Trim trailing and leading slash in bash - joining param substitutions?

Question

I'm trying to trim a possible / from the start and end of a string in bash.

I can accomplish this via the following:

string="/this is my string/"
string=${string%/}
string=${string#/}
echo $string # "this is my string"

however, I would like to know if there's a way to join those two lines (2 + 3) to replace both at once. Is there a way to join the substitution, or is that the best I'm going to get?

Thanks in advance.

Answer 1

Coming to this very late... You can use bash variable substitution. It can remove a leading OR trailing optional slash, but it can't do both at the same time. If we execute:

VAR1=/one/two/
VAR2=one/two
echo ${VAR1} ${VAR2}
echo ${VAR1#/} ${VAR2#/}
echo ${VAR1%/} ${VAR2%/}

then we get:

/one/two/ one/two            # No change
one/two/ one/two             # No leading slashes
/one/two /one/two            # No trailing slashes

As we can see, slashes inside the variables remain unaltered.

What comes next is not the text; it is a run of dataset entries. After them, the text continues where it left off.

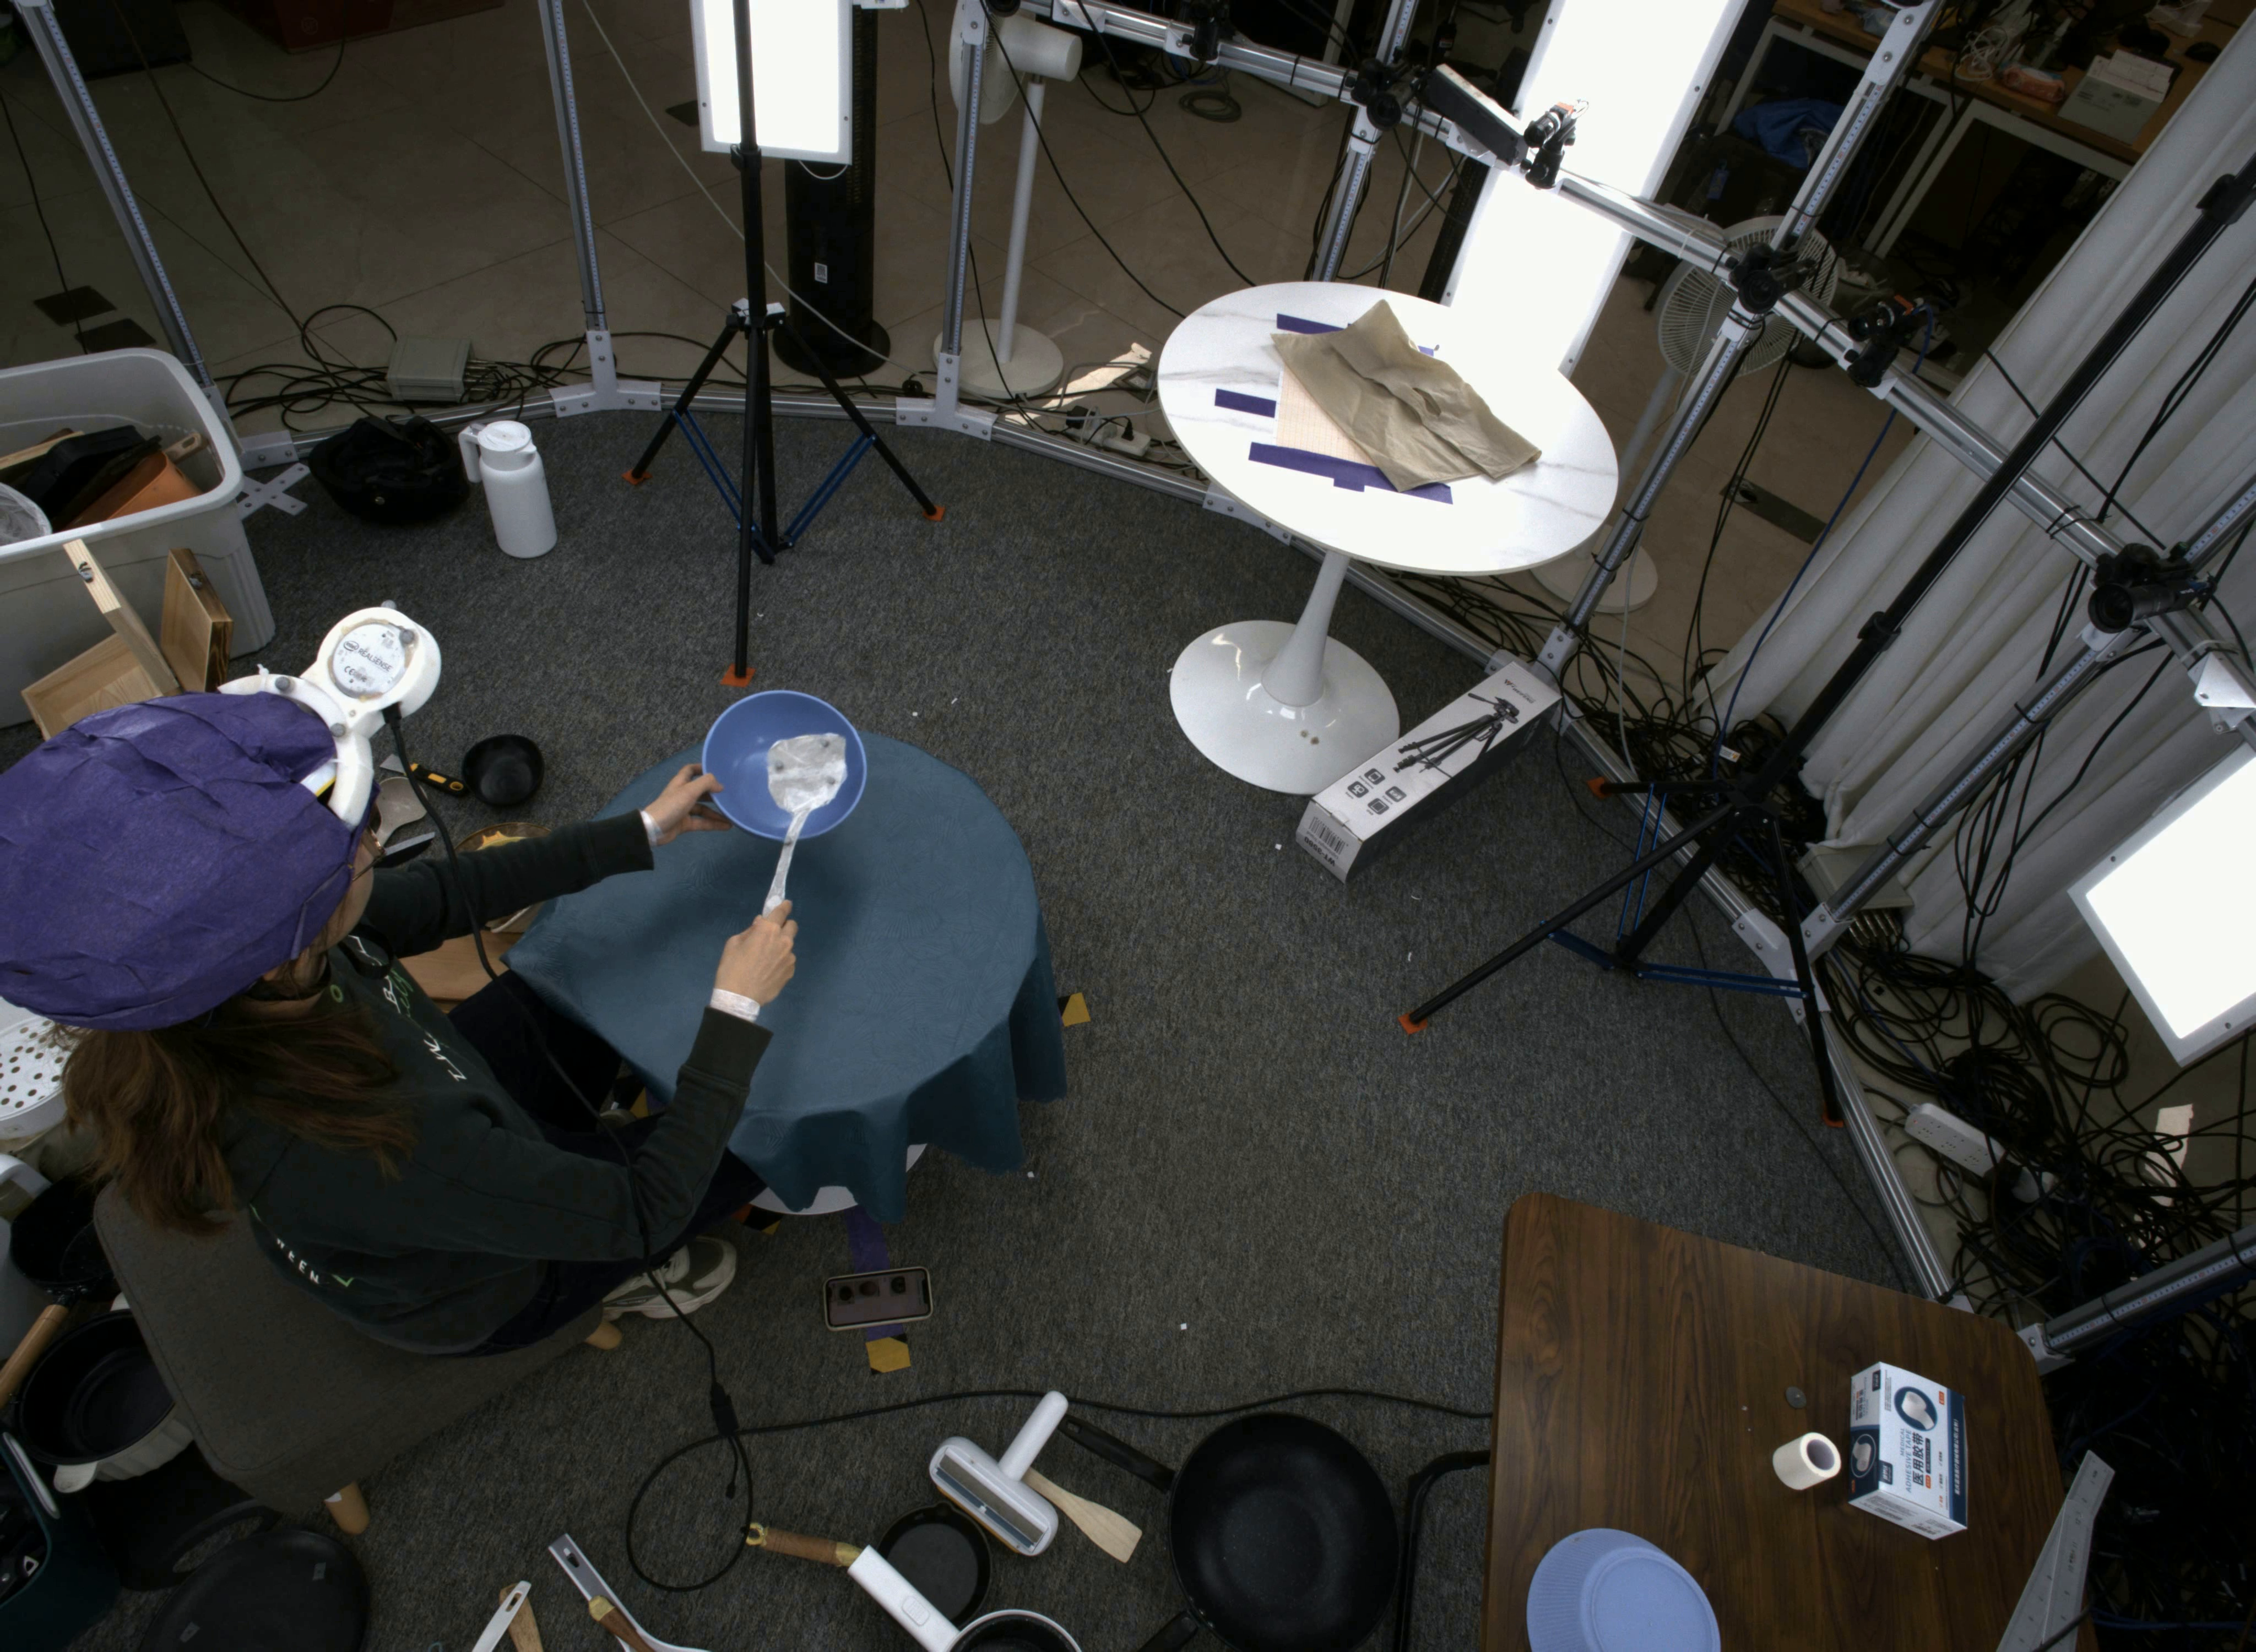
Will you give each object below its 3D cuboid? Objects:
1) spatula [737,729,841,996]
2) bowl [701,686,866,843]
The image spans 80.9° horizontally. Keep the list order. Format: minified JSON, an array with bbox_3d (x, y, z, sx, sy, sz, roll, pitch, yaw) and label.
[{"bbox_3d":[-0.389,0.028,1.440,0.097,0.046,0.357,-4,46,6],"label":"spatula"},{"bbox_3d":[-0.431,-0.063,1.607,0.198,0.095,0.195,9,68,-20],"label":"bowl"}]
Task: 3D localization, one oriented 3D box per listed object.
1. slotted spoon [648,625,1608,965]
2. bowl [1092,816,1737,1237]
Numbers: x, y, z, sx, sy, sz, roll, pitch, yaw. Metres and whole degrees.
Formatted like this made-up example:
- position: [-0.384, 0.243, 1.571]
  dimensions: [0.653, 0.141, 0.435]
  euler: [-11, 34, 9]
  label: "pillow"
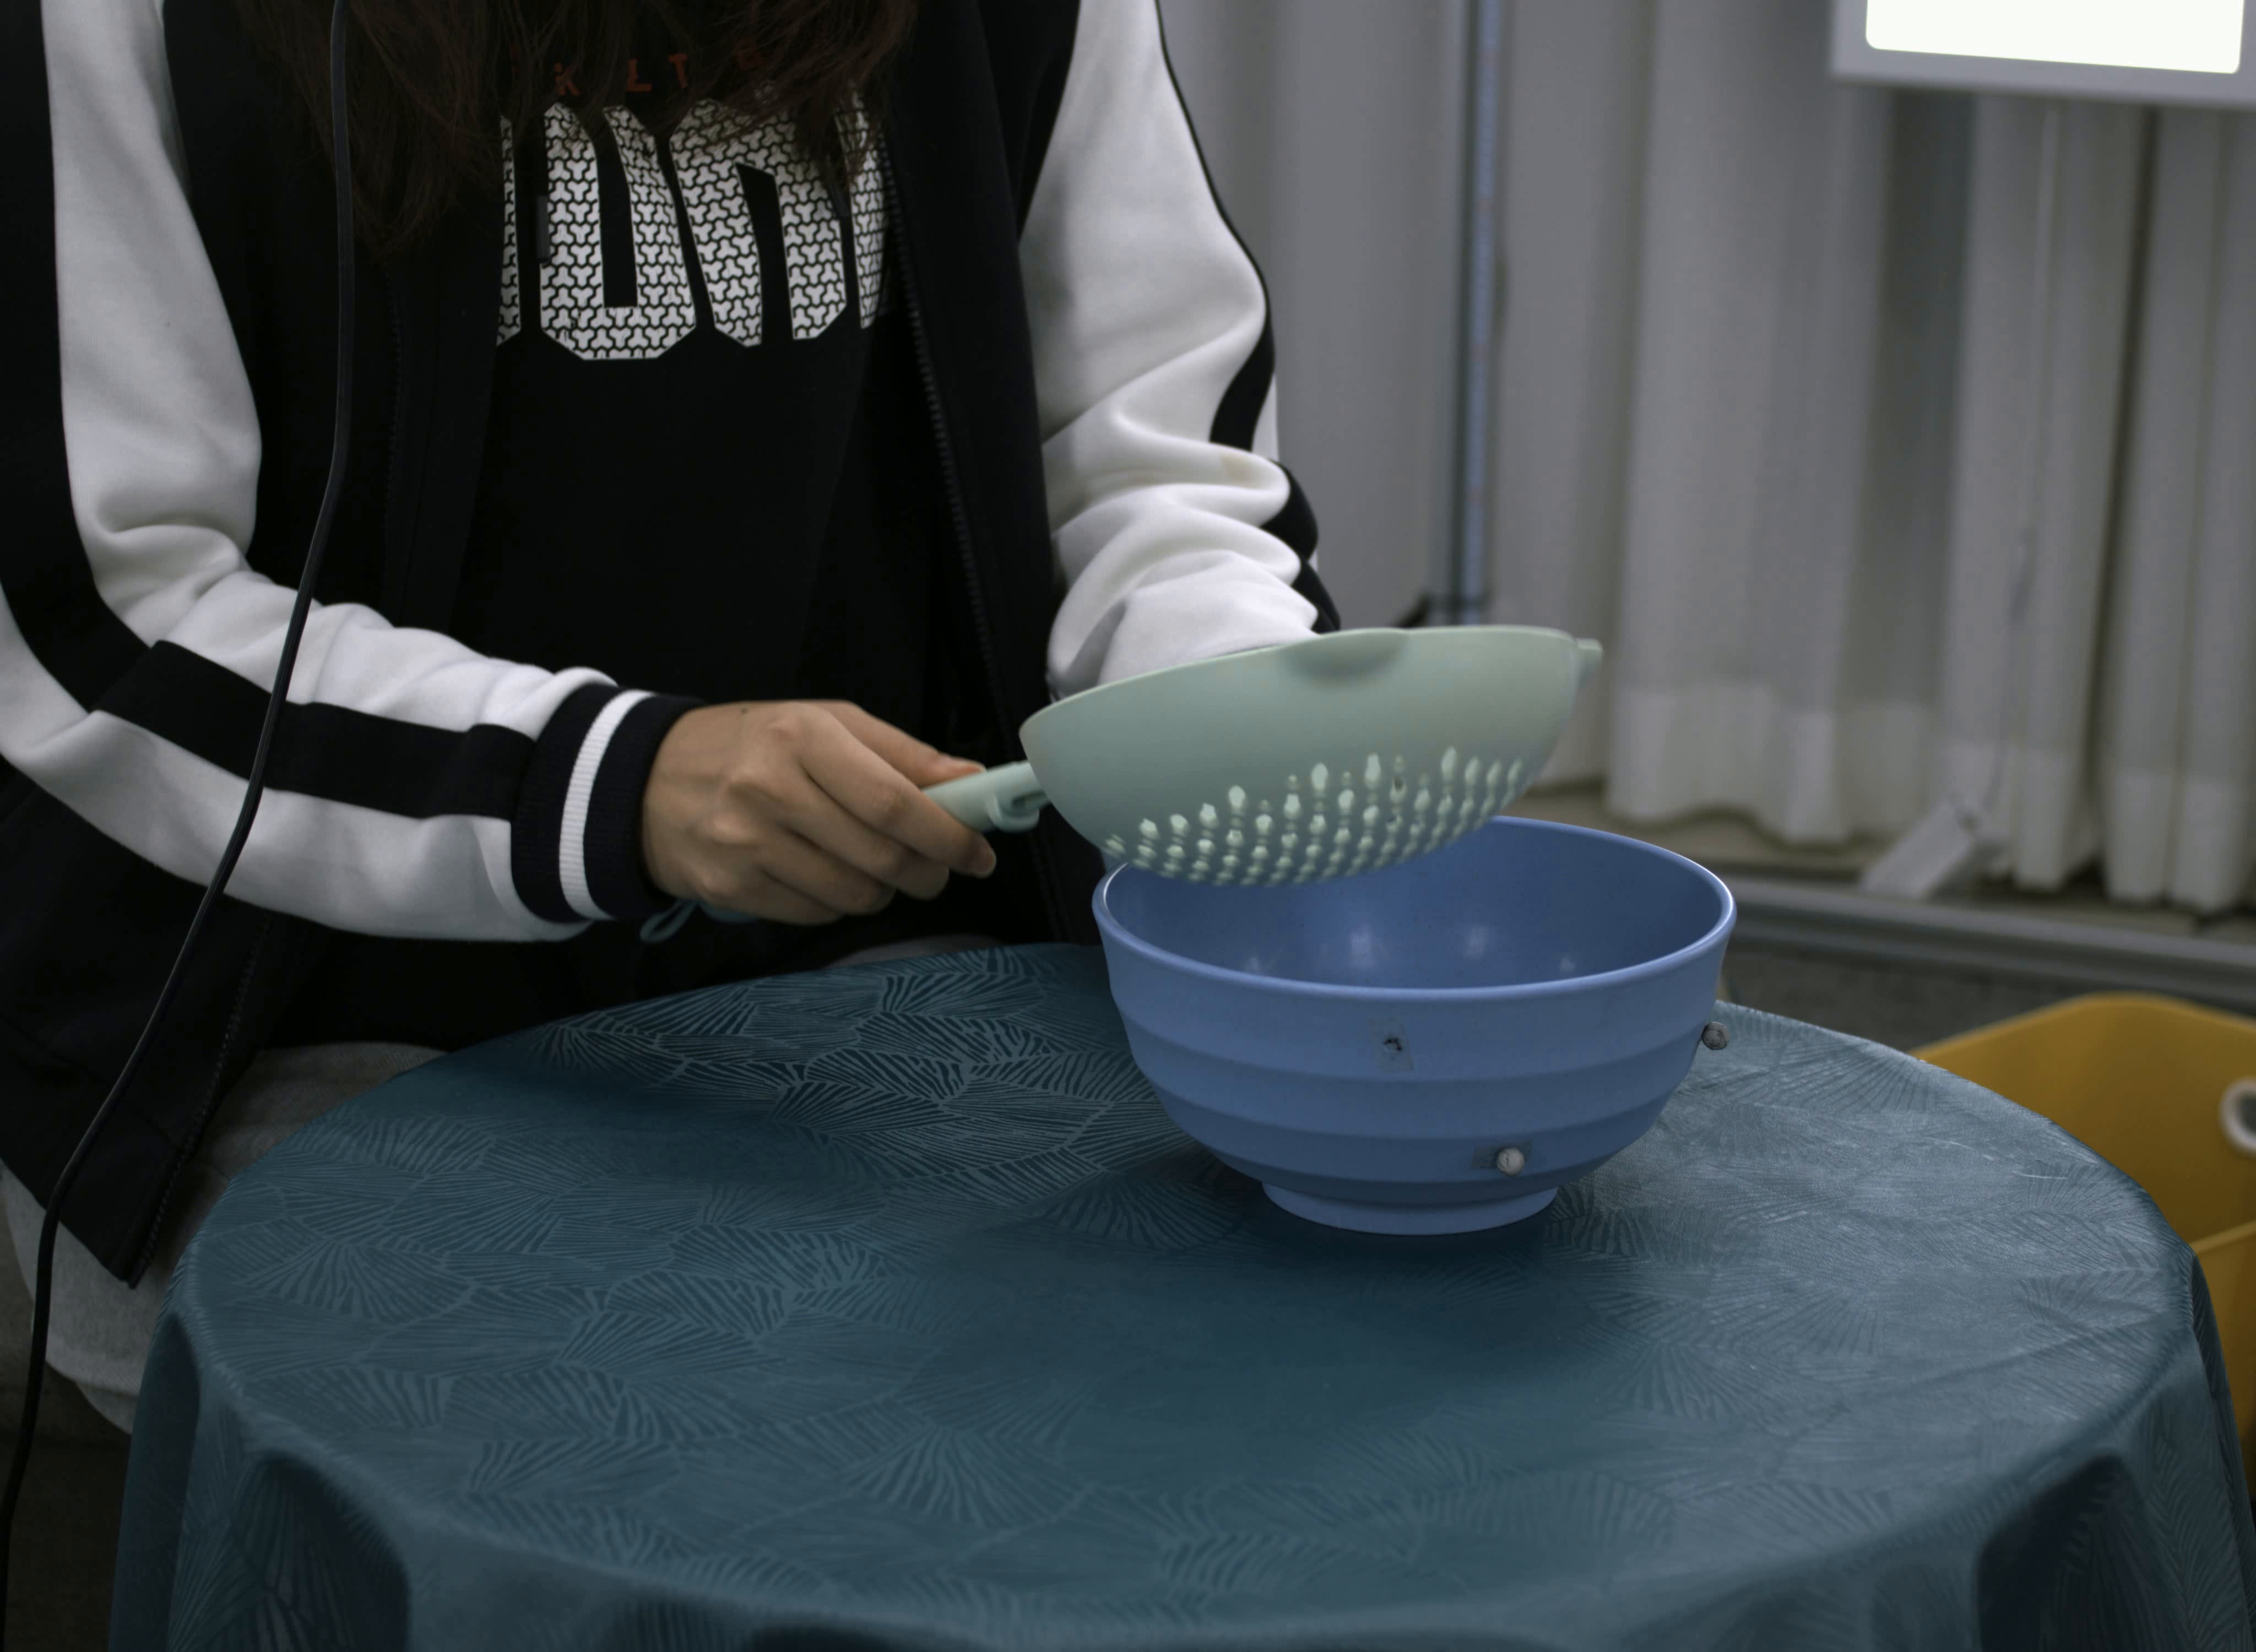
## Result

You can combine them using an intermediate variable as:

VAR3=${VAR1#/}               # Remove optional leading slash
VAR3=${VAR3%/}               # Remove optional trailing slash
echo ${VAR3}

Answer 2

Another pure bash solution (v3.2 or above), using =~ for regex matching and the special $BASH_REMATCH array variable to reference capture group results.

string='/this is my string/'
[[ $string =~ ^/(.*)/$ ]] && string=${BASH_REMATCH[1]}

$string is left untouched if its value is not enclosed in /.